### TASK TO CARRY OUT
Could you output each line below precisely as it stands, without the images?
--- COLLECTED DATA ---
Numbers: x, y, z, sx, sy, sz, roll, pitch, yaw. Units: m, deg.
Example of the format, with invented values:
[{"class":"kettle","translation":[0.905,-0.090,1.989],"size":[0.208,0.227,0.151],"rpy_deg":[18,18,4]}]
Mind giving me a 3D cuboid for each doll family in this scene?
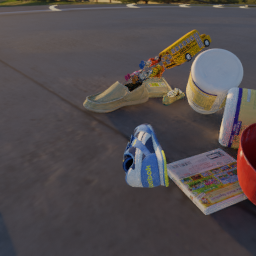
---
### TASK SOLUTION
Numbers: x, y, z, sx, sy, sz, roll, pitch, yaw. Units: m, deg.
Example of the format, with invented values:
[{"class":"kettle","translation":[0.905,-0.090,1.989],"size":[0.208,0.227,0.151],"rpy_deg":[18,18,4]}]
Mind giving me a 3D cuboid for each doll family in this scene?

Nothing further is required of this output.